Data excerpts:
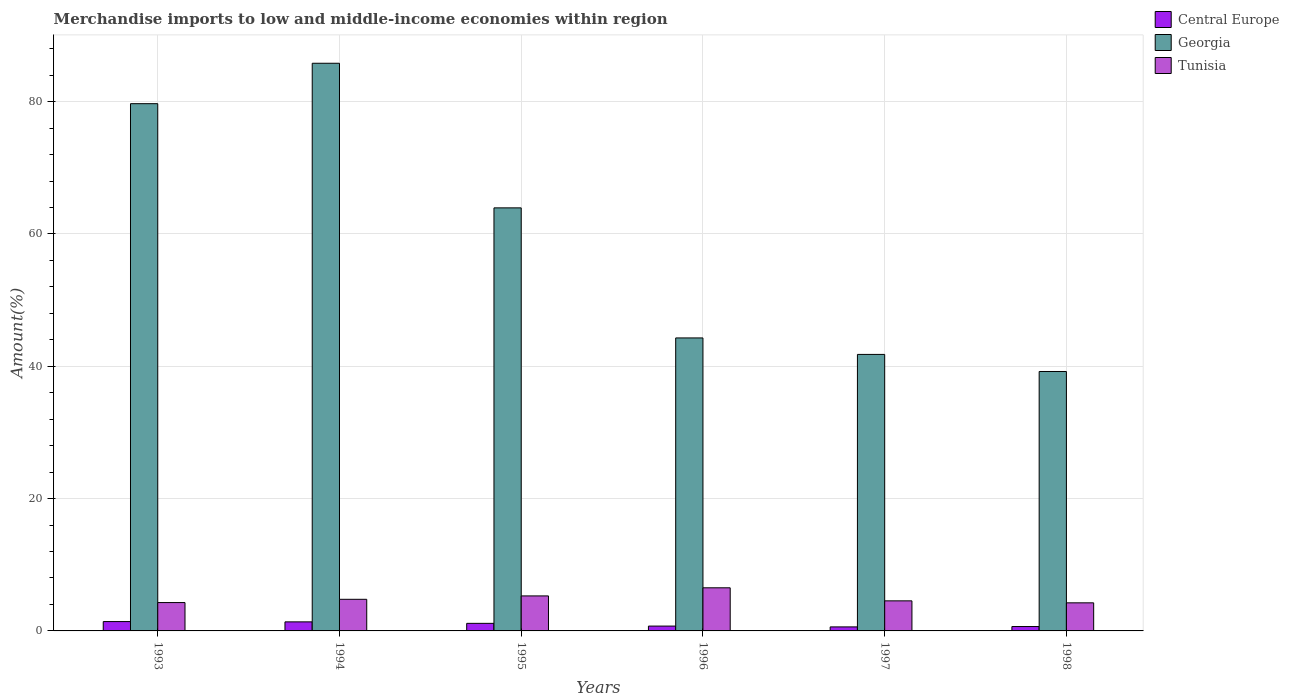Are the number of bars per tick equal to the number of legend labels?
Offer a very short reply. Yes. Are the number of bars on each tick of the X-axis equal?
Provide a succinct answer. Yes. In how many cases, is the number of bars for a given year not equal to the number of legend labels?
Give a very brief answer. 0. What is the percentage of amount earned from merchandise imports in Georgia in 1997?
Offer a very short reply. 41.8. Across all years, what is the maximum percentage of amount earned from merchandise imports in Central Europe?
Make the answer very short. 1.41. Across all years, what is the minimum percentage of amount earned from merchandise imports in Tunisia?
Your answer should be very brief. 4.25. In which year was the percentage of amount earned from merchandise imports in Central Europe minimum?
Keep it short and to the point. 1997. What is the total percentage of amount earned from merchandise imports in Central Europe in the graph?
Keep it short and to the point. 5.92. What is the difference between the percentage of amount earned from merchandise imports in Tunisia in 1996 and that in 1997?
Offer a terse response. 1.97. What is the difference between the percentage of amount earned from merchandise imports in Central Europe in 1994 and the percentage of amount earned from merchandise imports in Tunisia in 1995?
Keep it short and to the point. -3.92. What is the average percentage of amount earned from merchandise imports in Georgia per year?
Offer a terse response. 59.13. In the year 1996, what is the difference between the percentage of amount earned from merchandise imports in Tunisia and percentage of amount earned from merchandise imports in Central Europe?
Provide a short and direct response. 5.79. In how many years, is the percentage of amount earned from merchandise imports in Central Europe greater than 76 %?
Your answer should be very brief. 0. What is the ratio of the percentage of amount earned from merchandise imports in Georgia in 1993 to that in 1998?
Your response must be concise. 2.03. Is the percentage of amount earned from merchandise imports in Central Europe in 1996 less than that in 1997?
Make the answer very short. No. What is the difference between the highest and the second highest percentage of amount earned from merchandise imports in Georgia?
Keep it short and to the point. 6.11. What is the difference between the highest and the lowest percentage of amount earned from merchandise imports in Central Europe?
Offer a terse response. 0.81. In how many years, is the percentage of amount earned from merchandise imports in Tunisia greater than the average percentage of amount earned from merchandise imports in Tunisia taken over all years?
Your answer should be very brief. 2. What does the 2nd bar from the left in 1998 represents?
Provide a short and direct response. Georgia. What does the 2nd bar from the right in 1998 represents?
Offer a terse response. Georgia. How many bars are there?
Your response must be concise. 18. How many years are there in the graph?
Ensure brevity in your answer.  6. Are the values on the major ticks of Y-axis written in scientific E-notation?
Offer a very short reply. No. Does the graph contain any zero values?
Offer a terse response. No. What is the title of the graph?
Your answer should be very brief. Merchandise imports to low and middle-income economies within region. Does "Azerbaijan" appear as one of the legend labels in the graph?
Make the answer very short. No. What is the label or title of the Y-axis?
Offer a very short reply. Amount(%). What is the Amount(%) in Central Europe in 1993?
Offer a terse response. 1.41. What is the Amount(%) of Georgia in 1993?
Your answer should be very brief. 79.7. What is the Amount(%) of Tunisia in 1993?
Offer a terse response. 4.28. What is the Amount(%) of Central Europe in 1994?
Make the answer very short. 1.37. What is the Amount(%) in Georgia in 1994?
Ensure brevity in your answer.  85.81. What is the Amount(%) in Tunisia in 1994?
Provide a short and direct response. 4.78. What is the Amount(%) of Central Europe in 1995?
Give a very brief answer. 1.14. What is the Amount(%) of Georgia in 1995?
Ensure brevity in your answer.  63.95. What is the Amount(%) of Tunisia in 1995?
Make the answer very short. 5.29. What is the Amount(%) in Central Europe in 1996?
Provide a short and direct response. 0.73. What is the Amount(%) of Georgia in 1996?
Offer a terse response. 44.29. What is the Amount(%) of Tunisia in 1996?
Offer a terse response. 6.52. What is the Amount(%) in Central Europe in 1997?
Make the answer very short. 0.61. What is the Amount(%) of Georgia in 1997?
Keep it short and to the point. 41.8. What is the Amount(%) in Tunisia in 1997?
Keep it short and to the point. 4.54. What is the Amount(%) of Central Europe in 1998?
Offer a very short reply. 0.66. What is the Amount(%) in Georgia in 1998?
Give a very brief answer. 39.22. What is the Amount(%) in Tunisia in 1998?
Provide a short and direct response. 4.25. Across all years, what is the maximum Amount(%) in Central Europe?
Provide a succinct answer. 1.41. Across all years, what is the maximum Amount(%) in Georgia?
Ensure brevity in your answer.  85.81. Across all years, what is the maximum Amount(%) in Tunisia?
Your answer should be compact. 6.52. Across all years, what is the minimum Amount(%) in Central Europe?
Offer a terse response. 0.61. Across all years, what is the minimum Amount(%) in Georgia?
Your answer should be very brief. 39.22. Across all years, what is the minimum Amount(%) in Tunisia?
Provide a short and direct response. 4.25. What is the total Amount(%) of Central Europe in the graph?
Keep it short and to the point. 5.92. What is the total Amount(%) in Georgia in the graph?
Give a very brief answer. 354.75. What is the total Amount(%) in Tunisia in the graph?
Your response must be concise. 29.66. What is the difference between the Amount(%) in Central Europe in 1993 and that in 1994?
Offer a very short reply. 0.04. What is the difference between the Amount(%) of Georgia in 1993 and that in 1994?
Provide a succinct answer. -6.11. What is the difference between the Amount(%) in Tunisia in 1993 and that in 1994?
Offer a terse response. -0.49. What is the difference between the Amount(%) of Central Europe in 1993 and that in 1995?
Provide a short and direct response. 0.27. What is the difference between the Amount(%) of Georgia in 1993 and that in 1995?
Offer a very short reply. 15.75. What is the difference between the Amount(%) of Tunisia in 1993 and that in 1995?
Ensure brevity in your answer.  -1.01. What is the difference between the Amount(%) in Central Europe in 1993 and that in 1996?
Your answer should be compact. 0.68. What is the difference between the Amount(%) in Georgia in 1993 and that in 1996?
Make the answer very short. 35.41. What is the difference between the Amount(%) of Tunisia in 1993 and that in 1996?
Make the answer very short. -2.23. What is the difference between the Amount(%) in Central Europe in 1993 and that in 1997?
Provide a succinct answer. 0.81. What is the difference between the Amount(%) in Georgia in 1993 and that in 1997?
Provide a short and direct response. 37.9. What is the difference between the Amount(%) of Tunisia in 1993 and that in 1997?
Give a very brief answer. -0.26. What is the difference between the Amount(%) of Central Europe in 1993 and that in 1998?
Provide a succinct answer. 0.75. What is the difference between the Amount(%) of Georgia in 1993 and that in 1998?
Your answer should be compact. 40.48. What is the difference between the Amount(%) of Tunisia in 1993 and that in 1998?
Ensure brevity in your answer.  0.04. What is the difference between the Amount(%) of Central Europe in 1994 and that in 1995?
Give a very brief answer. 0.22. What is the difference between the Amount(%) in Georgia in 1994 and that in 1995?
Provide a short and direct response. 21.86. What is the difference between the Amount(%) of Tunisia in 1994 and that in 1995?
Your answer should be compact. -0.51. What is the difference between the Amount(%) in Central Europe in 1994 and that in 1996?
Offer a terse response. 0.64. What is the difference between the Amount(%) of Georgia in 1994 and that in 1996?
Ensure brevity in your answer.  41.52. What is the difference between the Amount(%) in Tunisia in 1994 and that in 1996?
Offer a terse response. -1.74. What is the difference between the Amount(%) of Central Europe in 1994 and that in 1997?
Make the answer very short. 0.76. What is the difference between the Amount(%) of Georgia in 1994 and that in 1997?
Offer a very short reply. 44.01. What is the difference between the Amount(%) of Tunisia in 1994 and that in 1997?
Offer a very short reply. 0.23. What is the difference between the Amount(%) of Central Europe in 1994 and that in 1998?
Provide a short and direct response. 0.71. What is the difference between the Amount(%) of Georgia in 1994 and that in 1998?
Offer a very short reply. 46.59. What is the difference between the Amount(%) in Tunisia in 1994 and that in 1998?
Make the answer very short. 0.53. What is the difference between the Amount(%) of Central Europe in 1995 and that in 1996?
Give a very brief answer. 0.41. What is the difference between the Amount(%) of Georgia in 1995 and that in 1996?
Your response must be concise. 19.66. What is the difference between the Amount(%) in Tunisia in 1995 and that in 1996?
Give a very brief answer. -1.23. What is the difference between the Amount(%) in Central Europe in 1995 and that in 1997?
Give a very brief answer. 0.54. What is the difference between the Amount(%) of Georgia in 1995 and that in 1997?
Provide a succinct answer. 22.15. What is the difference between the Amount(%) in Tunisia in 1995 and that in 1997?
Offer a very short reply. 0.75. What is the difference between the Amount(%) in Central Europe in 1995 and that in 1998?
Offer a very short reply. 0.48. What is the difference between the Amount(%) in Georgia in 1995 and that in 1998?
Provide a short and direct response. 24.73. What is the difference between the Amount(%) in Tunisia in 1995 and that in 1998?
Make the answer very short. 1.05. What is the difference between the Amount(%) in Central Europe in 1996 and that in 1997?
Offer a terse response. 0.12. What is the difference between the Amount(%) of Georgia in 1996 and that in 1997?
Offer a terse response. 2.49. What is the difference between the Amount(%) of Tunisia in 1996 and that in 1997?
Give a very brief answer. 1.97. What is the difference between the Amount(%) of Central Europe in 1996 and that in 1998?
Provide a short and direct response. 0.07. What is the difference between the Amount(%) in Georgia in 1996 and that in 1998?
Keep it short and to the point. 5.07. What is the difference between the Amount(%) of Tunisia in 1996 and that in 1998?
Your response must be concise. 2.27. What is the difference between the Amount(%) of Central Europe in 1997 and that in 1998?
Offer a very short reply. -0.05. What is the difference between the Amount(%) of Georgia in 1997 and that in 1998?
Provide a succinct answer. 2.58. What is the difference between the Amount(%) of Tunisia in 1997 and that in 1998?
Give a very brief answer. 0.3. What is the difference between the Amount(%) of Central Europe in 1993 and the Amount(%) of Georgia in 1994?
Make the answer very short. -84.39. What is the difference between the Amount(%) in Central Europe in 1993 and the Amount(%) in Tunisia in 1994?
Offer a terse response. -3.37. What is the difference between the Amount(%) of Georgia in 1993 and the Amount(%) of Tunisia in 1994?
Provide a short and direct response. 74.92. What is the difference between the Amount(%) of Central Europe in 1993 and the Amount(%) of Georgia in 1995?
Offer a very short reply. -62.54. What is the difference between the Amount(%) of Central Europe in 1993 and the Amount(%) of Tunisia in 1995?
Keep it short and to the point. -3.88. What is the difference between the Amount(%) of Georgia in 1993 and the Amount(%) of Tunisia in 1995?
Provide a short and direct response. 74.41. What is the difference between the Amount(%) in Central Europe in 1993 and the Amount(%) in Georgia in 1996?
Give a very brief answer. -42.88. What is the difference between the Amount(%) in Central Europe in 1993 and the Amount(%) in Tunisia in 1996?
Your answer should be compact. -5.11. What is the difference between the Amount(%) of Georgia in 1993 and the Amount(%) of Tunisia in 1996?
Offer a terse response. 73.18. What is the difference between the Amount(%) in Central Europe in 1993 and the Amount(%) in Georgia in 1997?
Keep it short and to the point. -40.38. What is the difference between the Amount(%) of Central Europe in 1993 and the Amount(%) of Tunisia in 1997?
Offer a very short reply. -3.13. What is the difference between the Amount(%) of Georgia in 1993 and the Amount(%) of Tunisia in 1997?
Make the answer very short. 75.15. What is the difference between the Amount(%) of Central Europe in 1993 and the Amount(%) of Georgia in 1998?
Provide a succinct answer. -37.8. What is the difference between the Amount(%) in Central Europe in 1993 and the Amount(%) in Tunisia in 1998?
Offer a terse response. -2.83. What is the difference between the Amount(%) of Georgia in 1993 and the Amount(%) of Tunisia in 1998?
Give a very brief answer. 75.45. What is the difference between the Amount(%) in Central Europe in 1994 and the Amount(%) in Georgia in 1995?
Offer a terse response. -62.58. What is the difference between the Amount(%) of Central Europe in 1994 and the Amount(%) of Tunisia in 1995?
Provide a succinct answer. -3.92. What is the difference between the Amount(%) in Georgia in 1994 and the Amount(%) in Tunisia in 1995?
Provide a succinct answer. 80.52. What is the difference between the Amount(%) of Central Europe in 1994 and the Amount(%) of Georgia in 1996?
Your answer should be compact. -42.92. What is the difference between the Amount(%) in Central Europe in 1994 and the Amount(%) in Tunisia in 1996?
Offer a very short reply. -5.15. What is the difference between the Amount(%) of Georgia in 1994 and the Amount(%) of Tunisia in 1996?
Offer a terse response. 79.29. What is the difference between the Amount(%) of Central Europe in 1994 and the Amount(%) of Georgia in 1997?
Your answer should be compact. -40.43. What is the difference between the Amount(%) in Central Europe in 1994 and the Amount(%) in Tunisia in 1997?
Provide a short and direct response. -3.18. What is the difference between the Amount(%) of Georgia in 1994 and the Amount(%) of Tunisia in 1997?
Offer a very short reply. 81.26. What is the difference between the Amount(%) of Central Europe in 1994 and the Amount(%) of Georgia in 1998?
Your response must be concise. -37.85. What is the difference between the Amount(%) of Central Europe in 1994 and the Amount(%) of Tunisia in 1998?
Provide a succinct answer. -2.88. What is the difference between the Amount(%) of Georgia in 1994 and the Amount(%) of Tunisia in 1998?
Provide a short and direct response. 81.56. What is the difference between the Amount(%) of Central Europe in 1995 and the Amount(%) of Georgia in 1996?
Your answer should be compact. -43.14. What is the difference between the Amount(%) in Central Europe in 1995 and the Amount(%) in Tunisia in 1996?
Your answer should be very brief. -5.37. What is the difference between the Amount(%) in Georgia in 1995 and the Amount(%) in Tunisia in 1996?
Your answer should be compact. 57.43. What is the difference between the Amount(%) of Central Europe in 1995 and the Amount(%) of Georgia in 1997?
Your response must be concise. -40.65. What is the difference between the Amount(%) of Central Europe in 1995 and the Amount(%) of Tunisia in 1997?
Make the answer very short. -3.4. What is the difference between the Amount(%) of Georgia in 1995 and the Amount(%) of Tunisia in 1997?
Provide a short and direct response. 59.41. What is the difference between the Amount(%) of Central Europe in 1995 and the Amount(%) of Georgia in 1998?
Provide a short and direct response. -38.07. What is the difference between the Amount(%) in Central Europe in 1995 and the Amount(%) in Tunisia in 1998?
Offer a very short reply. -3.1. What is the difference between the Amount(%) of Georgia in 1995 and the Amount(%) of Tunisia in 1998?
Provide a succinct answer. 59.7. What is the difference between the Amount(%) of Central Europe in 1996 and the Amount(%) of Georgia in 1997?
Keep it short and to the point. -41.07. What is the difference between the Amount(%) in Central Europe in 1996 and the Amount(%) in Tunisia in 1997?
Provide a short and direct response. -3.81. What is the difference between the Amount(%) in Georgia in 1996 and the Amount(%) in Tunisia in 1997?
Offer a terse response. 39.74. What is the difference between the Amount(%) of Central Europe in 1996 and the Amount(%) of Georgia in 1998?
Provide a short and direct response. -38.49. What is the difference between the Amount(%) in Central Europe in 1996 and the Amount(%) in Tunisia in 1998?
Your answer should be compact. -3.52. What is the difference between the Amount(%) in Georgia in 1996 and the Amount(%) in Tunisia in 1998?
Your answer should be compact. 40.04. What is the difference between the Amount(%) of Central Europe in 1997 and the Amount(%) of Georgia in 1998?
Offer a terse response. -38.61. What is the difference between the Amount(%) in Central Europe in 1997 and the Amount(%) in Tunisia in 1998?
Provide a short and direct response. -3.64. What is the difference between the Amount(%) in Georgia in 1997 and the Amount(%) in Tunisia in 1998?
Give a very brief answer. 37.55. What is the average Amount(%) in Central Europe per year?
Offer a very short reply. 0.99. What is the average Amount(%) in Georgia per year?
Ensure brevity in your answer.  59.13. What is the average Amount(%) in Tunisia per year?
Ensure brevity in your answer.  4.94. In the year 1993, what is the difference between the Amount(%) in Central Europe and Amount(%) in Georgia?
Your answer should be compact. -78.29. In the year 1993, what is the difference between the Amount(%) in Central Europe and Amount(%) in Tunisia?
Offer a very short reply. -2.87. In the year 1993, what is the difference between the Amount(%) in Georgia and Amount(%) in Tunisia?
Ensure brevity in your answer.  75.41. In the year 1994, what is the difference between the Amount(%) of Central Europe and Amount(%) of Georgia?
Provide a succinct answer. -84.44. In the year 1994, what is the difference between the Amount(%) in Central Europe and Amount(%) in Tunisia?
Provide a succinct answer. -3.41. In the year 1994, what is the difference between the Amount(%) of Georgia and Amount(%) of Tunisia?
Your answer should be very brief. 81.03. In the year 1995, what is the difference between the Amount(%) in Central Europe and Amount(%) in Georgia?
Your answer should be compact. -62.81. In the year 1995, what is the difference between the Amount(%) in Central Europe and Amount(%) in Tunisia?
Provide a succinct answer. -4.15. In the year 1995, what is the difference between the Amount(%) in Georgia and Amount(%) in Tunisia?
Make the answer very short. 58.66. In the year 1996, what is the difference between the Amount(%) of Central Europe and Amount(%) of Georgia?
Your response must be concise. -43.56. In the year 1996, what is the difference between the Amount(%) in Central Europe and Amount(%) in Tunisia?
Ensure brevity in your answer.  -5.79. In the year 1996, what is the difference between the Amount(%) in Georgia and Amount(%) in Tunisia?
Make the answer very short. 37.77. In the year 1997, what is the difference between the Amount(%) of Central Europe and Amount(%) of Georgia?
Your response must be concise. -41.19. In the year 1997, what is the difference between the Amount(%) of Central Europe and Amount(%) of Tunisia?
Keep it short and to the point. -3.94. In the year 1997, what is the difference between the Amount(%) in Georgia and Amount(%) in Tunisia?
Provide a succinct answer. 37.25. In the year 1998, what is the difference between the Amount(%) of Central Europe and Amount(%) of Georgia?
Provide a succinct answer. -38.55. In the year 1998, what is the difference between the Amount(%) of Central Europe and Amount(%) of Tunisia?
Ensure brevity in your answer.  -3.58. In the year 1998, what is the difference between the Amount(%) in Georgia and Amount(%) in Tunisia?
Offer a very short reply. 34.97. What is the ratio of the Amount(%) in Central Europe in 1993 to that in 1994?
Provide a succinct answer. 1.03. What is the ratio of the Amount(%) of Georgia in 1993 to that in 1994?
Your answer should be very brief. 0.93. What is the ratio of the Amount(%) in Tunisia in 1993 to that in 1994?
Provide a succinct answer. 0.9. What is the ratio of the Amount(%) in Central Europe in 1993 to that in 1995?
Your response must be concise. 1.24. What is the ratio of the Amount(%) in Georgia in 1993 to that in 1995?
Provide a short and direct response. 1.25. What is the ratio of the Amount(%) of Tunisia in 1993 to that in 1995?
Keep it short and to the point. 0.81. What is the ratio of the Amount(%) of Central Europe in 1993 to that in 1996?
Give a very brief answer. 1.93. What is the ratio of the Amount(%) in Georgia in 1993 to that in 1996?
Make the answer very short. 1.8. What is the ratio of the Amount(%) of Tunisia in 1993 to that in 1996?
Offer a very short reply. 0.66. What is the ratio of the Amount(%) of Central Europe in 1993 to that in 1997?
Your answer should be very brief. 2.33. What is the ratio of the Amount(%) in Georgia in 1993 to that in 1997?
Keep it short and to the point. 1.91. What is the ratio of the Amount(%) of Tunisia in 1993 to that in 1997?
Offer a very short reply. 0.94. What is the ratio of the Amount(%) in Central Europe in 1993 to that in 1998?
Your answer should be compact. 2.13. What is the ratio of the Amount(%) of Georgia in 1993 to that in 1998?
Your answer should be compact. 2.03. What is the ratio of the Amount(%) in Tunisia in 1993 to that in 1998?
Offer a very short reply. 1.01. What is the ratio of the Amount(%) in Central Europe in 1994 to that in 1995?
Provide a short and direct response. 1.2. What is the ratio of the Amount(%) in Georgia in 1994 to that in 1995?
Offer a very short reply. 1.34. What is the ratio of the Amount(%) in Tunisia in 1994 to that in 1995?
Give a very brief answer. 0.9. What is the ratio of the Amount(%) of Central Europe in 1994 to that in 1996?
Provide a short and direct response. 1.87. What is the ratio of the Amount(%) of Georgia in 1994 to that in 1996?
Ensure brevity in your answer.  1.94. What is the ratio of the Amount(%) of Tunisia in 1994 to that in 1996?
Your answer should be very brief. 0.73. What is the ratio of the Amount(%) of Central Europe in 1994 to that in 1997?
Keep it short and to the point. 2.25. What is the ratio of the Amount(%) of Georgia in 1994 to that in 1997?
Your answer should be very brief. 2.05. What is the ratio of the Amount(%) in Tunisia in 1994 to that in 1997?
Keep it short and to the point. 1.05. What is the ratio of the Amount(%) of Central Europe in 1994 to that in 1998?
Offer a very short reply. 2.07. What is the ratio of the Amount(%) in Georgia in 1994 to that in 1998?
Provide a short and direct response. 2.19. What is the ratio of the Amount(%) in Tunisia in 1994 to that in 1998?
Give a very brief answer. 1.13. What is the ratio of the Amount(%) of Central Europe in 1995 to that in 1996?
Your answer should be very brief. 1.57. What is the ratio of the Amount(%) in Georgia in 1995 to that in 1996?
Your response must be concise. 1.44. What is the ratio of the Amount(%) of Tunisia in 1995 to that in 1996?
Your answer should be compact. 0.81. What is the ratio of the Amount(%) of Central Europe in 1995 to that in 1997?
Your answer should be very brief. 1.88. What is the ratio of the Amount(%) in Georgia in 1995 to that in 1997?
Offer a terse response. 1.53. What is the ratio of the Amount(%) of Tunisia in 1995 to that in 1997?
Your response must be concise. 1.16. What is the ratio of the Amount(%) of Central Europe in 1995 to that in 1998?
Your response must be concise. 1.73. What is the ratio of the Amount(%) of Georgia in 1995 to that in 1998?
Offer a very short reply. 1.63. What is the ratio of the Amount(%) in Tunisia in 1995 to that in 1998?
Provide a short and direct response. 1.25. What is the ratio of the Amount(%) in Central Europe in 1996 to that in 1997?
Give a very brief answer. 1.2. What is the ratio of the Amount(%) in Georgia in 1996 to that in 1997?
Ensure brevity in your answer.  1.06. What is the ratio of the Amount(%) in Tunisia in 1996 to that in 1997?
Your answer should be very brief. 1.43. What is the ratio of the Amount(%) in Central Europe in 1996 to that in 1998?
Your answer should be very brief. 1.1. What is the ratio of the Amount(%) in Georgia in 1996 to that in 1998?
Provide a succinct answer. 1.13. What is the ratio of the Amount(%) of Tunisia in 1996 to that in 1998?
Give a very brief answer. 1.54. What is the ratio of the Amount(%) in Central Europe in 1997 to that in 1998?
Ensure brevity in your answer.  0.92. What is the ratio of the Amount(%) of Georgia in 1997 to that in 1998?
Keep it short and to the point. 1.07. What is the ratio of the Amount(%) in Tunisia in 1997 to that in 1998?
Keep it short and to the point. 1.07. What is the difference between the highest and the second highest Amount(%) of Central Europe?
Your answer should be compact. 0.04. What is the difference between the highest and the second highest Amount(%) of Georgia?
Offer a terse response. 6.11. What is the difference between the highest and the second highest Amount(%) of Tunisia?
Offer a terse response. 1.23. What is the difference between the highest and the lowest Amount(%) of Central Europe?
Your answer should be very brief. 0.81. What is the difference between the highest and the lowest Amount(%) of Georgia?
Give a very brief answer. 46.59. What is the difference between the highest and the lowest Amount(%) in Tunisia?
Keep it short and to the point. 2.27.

> [Description of the task]: Exactly the lines above from the one with "Offer a terse response. 0.64." to the one with "Make the answer very short. 0.76.", both included, are to be quoted; leave the rest out.

> [Task response]:
Offer a terse response. 0.64. What is the difference between the Amount(%) of Georgia in 1994 and that in 1996?
Ensure brevity in your answer.  41.52. What is the difference between the Amount(%) in Tunisia in 1994 and that in 1996?
Offer a terse response. -1.74. What is the difference between the Amount(%) of Central Europe in 1994 and that in 1997?
Make the answer very short. 0.76. What is the difference between the Amount(%) of Georgia in 1994 and that in 1997?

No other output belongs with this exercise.